TEZSPIRE is a Anti-TSLP Monoclonal Antibody that works by Tezspire (tezepelumab-ekko) is a human monoclonal antibody that binds to thymic stromal lymphopoietin (TSLP), a key epithelial cytokine involved in the initiation and persistence of airway inflammation. By blocking TSLP, tezepelumab reduces the release of pro-inflammatory cytokines and prevents downstream inflammatory responses.. TEZRULY is a Anti-TSLP Monoclonal Antibody that works by Tezrul is a small molecule inhibitor of the human immunodeficiency virus (HIV) integrase enzyme, blocking the integration of viral DNA into the host genome. It also inhibits the HIV protease enzyme at higher concentrations, disrupting viral maturation.. They differ in pharmacokinetic profiles, FDA-approved indications, and side effect profiles.

2. Which is stronger: TEZSPIRE or TEZRULY?

Potency comparisons between TEZSPIRE and TEZRULY depend on the specific clinical indication. These are both Anti-TSLP Monoclonal Antibody agents and are not directly interchangeable by dose. A physician or clinical pharmacist should guide any therapeutic switching decisions.

3. What is the standard dosing for TEZSPIRE vs TEZRULY?

The standard adult dose of TEZSPIRE is: 210 mg subcutaneously every 4 weeks.. The standard adult dose of TEZRULY is: 150 mg subcutaneously once every 4 weeks. Initiate with a single loading dose of 150 mg.. Dosing should always be individualized based on indication, renal and hepatic function, age, and other patient factors.

4. Can you take TEZSPIRE and TEZRULY together?

No direct drug-drug interaction has been formally documented between TEZSPIRE and TEZRULY in current clinical databases. However, individual patient risk factors including other medications, organ function, and comorbidities should always be evaluated by a qualified healthcare provider.

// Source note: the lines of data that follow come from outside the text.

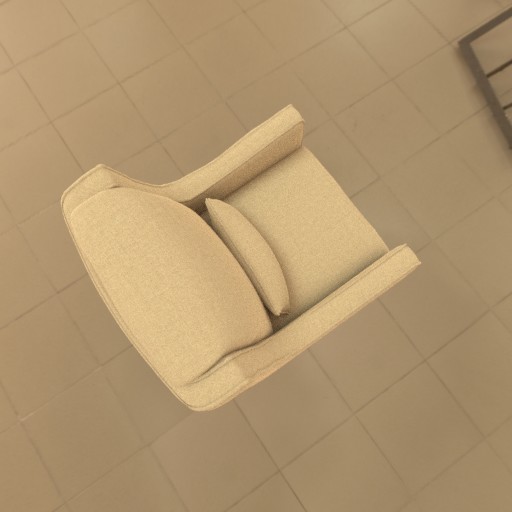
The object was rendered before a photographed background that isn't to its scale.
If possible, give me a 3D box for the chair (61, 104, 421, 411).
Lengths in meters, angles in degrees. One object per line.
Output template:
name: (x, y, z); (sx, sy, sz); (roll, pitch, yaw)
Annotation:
chair: (0.000, 0.000, 1.587); (0.879, 0.993, 0.732); (-34, 78, -8)

5. Are TEZSPIRE and TEZRULY safe during pregnancy?

The maternal-fetal safety profiles differ. TEZSPIRE is classified as Category C. Tezepelumab-ekko is a human monoclonal antibody. IgG antibodies are known to cross the placental barrier increasingly as pregnancy progresses, with the largest amount transferred d. TEZRULY is classified as Category C. First trimester: No adequate human data; animal studies show no teratogenicity at clinically relevant doses. Second/third trimester: No known risks; however, limited human data ava. Always consult a maternal-fetal medicine specialist before taking either drug during pregnancy or lactation.